Катерина и прежде заказывала у жестянщика разные формы для сладкого теста, преображаемое ею то в мифических зверей, то в библейские символы, то в звезды, то в листья клевера, политые глазурью.
Но на этот раз она превзошла самое себя. Все свои звездочки, листики клевера, ромбы и даже раковины улиток она создала из шоколада, умудрившись инкрустировать эти сладкие ювелирные поделки толченым лесным орехом и кусочками фруктов.
Как тут было устоять пятилетнему ребенку, который в жизни не видал таких чудес, а после перенесенных тягот, после страхов и слёз, увидел в этих чудо-сладостях прямое вмешательство ангелов.
Что же мне противопоставить этому соблазну? Я не умею делать конфеты, выпекать воздушные булочки, украшать сахарными вишнями белоснежные зефирные башни, но я умею делать подарки.
И ещё со мной можно говорить про папу! Мне можно задавать бесчисленные вопросы, и я знаю на них ответы. Со мной можно вспоминать те игрушки, которые папа сделал для неё на Рождество, тех трех старых волхвов, что несли за спиной серебряные мешочки. Ведь я их видела!

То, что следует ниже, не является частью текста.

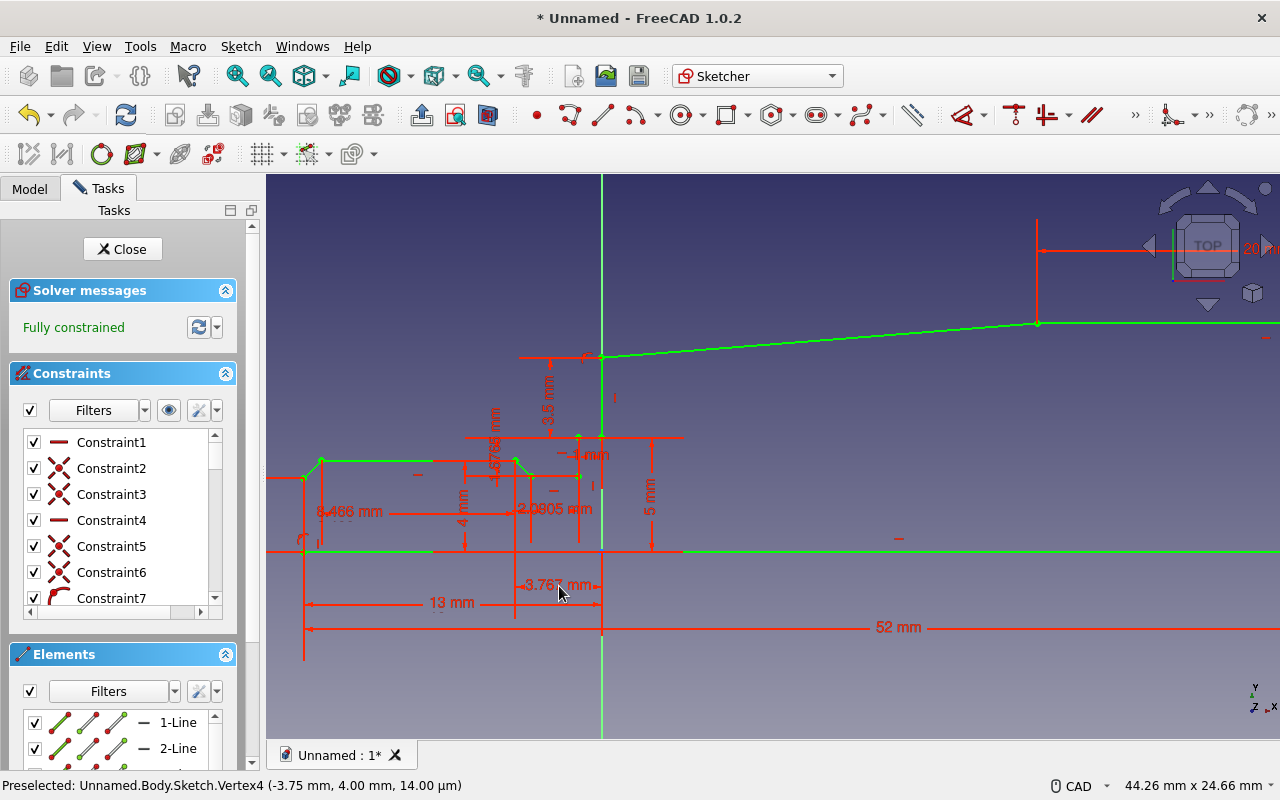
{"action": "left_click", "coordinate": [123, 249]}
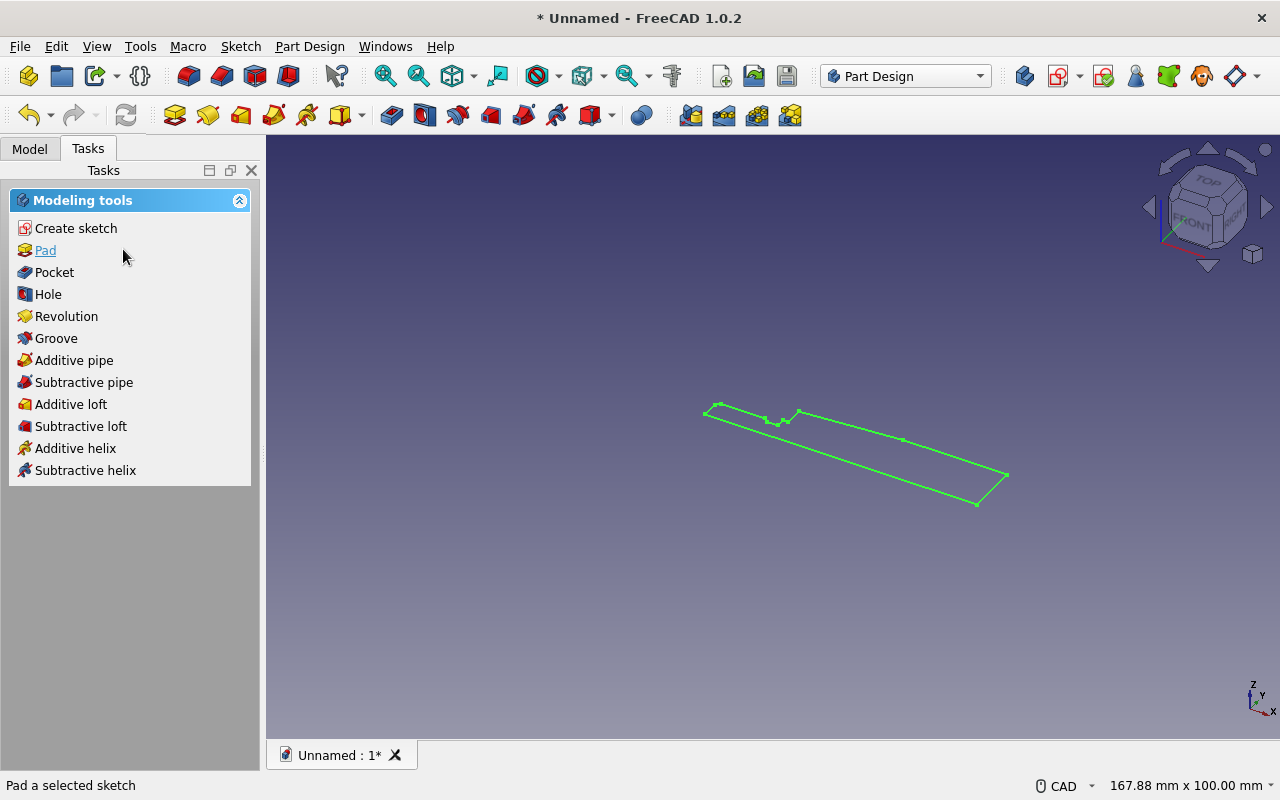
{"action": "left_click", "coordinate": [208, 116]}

Со мной можно пробовать тот знаменитый рождественский пирог, от которого она съела всего кусочек.
Я могу рассказывать, где её отец был все это время, о том, как он искал свою дочку, как ходил за ней на улицу Сен-Дени и как сильно он огорчился, когда ему сказали, что Марии там нет.
Само собой, я не могла рассказать ребёнку всю устрашающую правду, о том, что бедный отец считал её умершей и едва не умер сам. С общего согласия я поведала более мягкий вариант событий.

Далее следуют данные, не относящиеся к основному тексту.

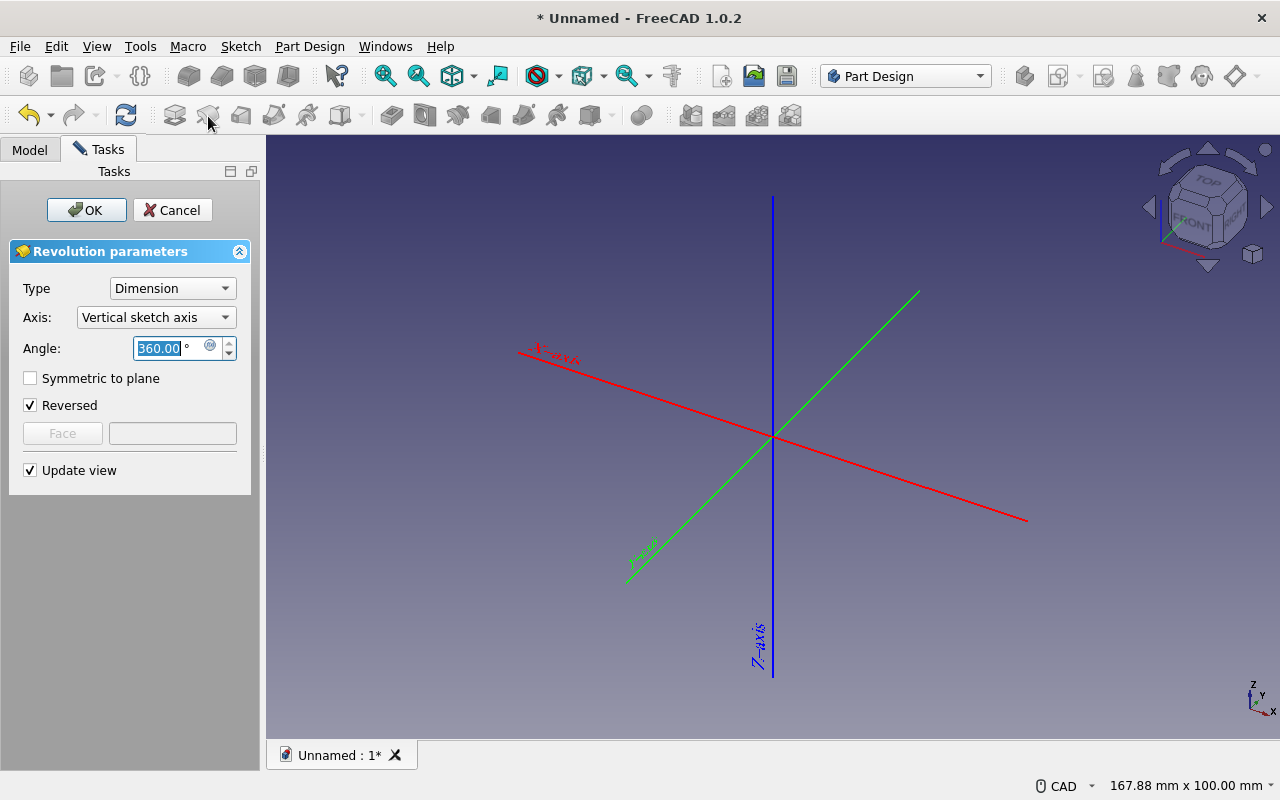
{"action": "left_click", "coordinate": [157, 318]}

О том, что отцу пришлось уехать из того самого дворца, где жила злая дама, но он не мог сразу забрать дочку, потому что ему пришлось отправиться путешествовать, и даже столкнуться с разбойниками, которые держали его в плену, а потом, когда он освободился (Мария смотрела на меня широко раскрытыми глазами и потом тихо спросила: «Он их победил?» — На что я уверенно кивнула.) он сразу отправился, чтобы спасти свою дочку.
Но бабушка не хотела её отдавать, потому что она всегда сердилась на папу и говорила, что это он виноват, что её мама умерла, поэтому бабушка Марию спрятала, а папу прогнала.
— Но я пошла его искать! – гордо заявила девочка. И тихо добавила – И потерялась.
— Но ты же нашлась — утешила я её – И теперь мы поедем к папе.